This Body Needs a Biscuit

By Anna Limontas-Salisbury

This body needs a biscuit
Every now and then

The kind that sits in
Tongue memory
The kind of biscuit
Rolled by a Black woman
Whose hands healed
Peppermint candy unraveling loudly
Retrieved from a black purse
Snap shut by a gold clasp
Hung on the bedpost when not snug in her lap

This body needs a biscuit
Rolled from the hands
Setting “curicome” droplets on a busted knee

This body needs a biscuit
From the mouth that yelled
“Salve on the back of the sink”
Like doctors on TV call STAT

Salve a salvation
For boils and other body mysteries
Oozing to get out

This body needs a biscuit
From the one
Whose mouth hummed praise
Whose hands shaped bread into prayer
Pushed and rolled flour with the same
Pin shaken at you in threat

This body needs a biscuit
Pressed from a thick lipped
White coffee mug with a broken handle

This body needs a biscuit
From the one who used
A butter knife, not a steak knife,
To spread salted butter
Over hot cushions into a mouth
Waiting on communion with
A body that needs a biscuit


Anna Limontas-Salisbury is a New York City poet, writer, and educator.
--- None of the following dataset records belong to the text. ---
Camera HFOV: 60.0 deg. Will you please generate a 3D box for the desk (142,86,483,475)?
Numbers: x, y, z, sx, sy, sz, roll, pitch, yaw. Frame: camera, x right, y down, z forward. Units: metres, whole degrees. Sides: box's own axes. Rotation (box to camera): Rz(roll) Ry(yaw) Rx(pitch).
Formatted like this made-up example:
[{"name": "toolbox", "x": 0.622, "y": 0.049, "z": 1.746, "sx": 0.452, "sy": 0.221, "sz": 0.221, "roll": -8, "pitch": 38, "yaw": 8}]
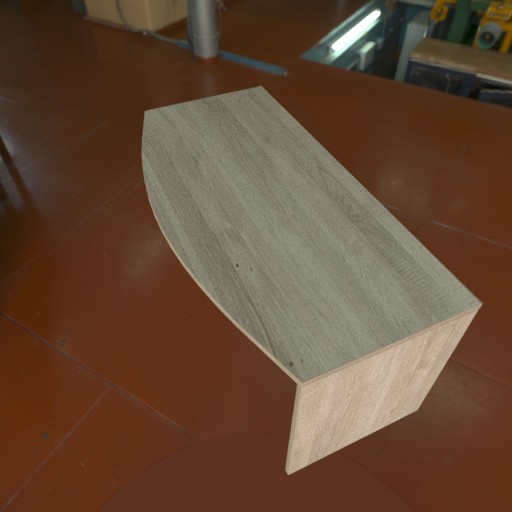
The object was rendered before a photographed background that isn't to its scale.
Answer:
[{"name": "desk", "x": 0.000, "y": 0.000, "z": 2.024, "sx": 0.802, "sy": 0.752, "sz": 1.600, "roll": -19, "pitch": 49, "yaw": -17}]
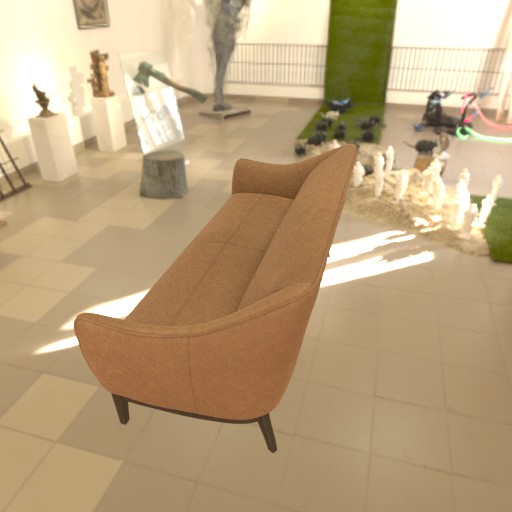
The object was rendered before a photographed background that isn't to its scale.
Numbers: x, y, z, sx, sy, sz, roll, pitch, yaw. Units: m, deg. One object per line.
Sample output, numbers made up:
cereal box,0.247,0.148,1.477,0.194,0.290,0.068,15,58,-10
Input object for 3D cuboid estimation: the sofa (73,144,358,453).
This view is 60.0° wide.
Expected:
sofa,0.000,0.000,2.368,0.869,0.830,1.928,8,31,14
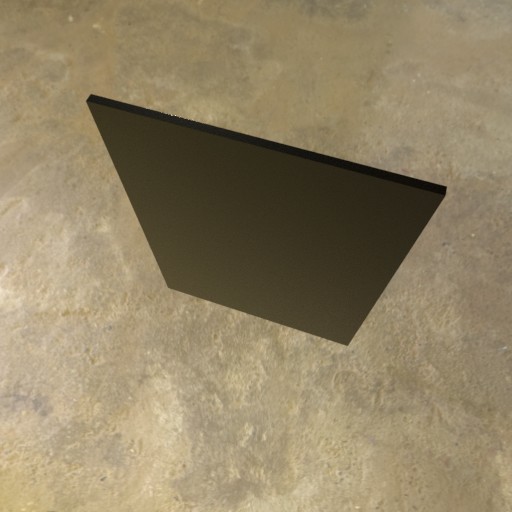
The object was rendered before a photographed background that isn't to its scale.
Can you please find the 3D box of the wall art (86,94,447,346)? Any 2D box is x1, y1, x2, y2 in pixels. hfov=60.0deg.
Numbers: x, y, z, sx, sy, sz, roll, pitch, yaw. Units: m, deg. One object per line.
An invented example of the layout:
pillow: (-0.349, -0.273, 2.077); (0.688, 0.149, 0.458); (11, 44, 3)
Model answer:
wall art: (0.000, 0.000, 0.778); (0.442, 0.582, 0.013); (17, 64, 9)
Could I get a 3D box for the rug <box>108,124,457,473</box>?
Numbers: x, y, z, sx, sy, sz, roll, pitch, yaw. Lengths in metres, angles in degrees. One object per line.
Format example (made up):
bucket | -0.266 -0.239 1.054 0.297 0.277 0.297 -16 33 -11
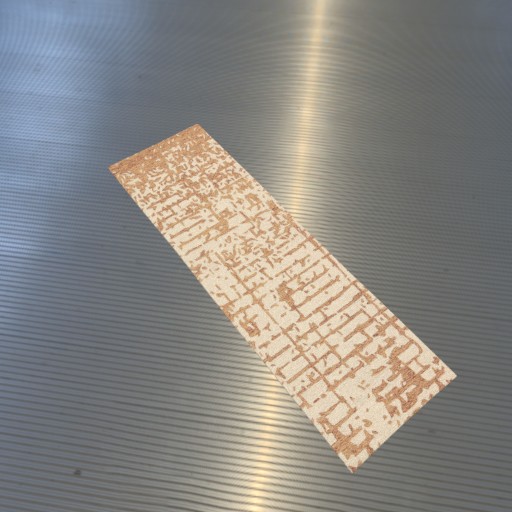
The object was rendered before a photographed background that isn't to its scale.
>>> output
rug | 0.000 0.000 2.691 0.750 0.011 2.435 -33 62 -19
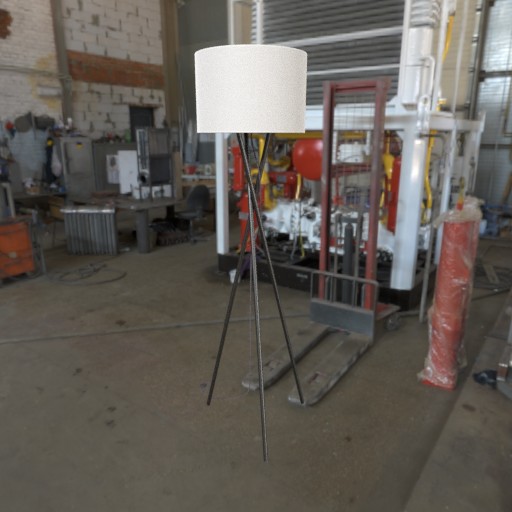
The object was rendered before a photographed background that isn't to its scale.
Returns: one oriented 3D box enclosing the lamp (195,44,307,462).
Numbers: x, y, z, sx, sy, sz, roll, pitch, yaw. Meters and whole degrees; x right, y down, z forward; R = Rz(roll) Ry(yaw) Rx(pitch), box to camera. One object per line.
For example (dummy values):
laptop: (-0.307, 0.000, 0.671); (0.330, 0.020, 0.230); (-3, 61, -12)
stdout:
lamp: (0.000, 0.000, 1.962); (0.522, 1.624, 0.667); (-3, 16, -9)
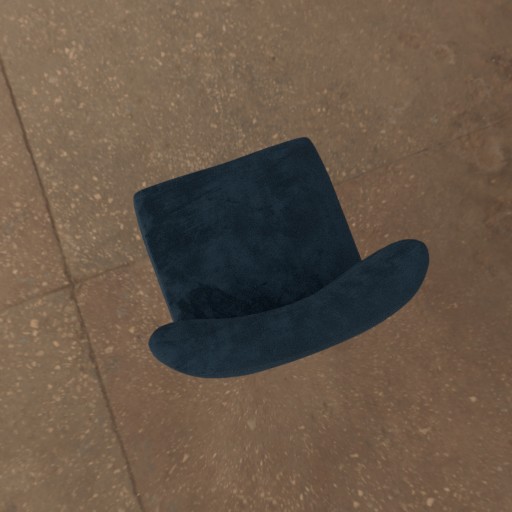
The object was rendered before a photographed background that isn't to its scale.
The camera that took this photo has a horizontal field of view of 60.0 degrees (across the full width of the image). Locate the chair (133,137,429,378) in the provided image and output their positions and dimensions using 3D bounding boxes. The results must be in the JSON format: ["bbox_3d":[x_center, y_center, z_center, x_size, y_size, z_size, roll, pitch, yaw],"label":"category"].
[{"bbox_3d":[0.000,0.000,1.151,0.530,0.824,0.560,-19,76,-5],"label":"chair"}]
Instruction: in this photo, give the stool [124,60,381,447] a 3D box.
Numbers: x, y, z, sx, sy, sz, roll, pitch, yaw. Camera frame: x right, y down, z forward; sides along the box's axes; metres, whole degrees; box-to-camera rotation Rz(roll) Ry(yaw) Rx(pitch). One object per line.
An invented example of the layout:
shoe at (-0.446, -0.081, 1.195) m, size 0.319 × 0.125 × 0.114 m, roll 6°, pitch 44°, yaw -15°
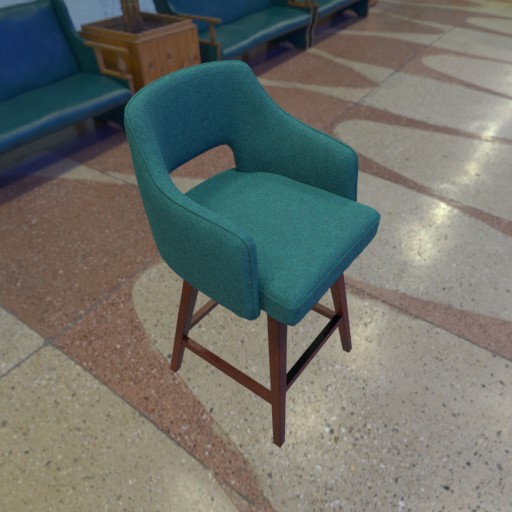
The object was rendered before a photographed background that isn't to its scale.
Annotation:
stool at (0.000, 0.000, 1.319) m, size 0.556 × 0.961 × 0.548 m, roll 26°, pitch 47°, yaw 27°
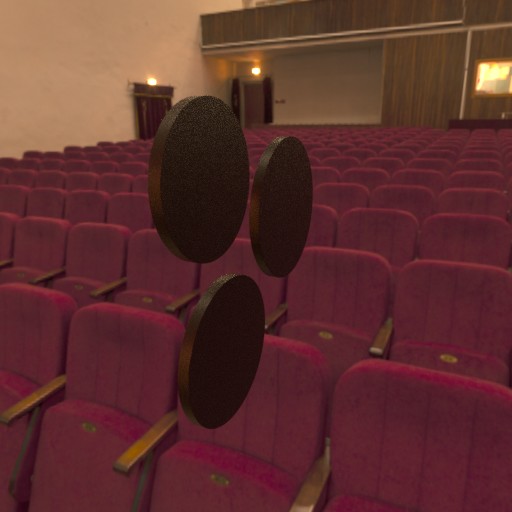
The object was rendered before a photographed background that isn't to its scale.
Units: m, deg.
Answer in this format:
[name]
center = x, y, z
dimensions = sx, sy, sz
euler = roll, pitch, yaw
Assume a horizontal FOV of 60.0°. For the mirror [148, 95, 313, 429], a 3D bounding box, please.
[mirror]
center = 0.000, 0.000, 3.188
dimensions = 0.076, 2.096, 2.160
euler = 8, 18, 25
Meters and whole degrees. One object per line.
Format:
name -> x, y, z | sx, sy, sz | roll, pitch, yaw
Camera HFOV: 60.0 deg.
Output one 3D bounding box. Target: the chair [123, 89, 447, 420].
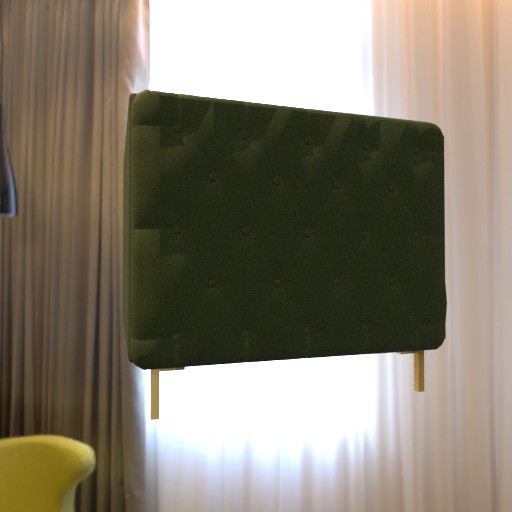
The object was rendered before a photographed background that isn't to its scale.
chair -> 0.000, 0.000, 1.506 | 0.855, 0.768, 0.917 | 0, -1, -18

She’s been a featured poet at Camperdown, a poetry reading series at Halyards, Honey Dipped Productions Girlhood 2020, and Body Love Open Mic Series. Excerpts of her nonfiction essays were performed with COUNTERpult-Reading Series and most recently HTBAF: Honoring Our Ancestors by Open Source Gallery. She’s a graduate of Hunter College and Craig Newmark Graduate School of Journalism at CUNY.